**Goal of the exercise:**
The answer should consist of all the records, copied exactly.

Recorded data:
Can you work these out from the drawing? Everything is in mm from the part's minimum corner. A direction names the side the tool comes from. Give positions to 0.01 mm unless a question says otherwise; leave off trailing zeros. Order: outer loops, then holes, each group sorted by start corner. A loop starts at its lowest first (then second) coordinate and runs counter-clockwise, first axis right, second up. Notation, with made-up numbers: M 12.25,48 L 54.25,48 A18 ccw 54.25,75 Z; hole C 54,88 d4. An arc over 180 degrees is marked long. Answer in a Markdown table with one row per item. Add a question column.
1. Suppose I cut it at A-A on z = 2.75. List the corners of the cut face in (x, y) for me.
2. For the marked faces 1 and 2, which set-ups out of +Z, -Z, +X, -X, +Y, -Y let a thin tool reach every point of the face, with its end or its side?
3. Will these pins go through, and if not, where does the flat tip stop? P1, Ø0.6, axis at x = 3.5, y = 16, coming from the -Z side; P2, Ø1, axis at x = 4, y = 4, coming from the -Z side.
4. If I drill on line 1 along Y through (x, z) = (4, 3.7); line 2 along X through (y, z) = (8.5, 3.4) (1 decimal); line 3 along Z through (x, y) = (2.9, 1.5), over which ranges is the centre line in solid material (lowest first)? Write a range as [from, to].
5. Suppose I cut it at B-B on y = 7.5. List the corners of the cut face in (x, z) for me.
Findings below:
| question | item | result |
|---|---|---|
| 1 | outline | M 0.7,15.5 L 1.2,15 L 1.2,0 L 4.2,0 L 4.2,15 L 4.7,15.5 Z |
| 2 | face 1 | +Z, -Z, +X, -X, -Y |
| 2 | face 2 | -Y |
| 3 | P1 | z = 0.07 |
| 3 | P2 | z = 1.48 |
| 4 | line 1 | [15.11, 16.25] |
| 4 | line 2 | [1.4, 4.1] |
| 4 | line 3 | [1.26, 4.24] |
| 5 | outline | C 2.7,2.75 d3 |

**Result of this exercise:**
Can you work these out from the drawing? Everything is in mm from the part's minimum corner. A direction names the side the tool comes from. Give positions to 0.01 mm unless a question says otherwise; leave off trailing zeros. Order: outer loops, then holes, each group sorted by start corner. A loop starts at its lowest first (then second) coordinate and runs counter-clockwise, first axis right, second up. Notation, with made-up numbers: M 12.25,48 L 54.25,48 A18 ccw 54.25,75 Z; hole C 54,88 d4. An arc over 180 degrees is marked long. Answer in a Markdown table with one row per item. Add a question column.
1. Suppose I cut it at A-A on z = 2.75. List the corners of the cut face in (x, y) for me.
2. For the marked faces 1 and 2, which set-ups out of +Z, -Z, +X, -X, +Y, -Y let a thin tool reach every point of the face, with its end or its side?
3. Will these pins go through, and if not, where does the flat tip stop? P1, Ø0.6, axis at x = 3.5, y = 16, coming from the -Z side; P2, Ø1, axis at x = 4, y = 4, coming from the -Z side.
4. If I drill on line 1 along Y through (x, z) = (4, 3.7); line 2 along X through (y, z) = (8.5, 3.4) (1 decimal); line 3 along Z through (x, y) = (2.9, 1.5), over which ranges is the centre line in solid material (lowest first)? Write a range as [from, to].
5. Suppose I cut it at B-B on y = 7.5. List the corners of the cut face in (x, z) for me.
Findings below:
| question | item | result |
|---|---|---|
| 1 | outline | M 0.7,15.5 L 1.2,15 L 1.2,0 L 4.2,0 L 4.2,15 L 4.7,15.5 Z |
| 2 | face 1 | +Z, -Z, +X, -X, -Y |
| 2 | face 2 | -Y |
| 3 | P1 | z = 0.07 |
| 3 | P2 | z = 1.48 |
| 4 | line 1 | [15.11, 16.25] |
| 4 | line 2 | [1.4, 4.1] |
| 4 | line 3 | [1.26, 4.24] |
| 5 | outline | C 2.7,2.75 d3 |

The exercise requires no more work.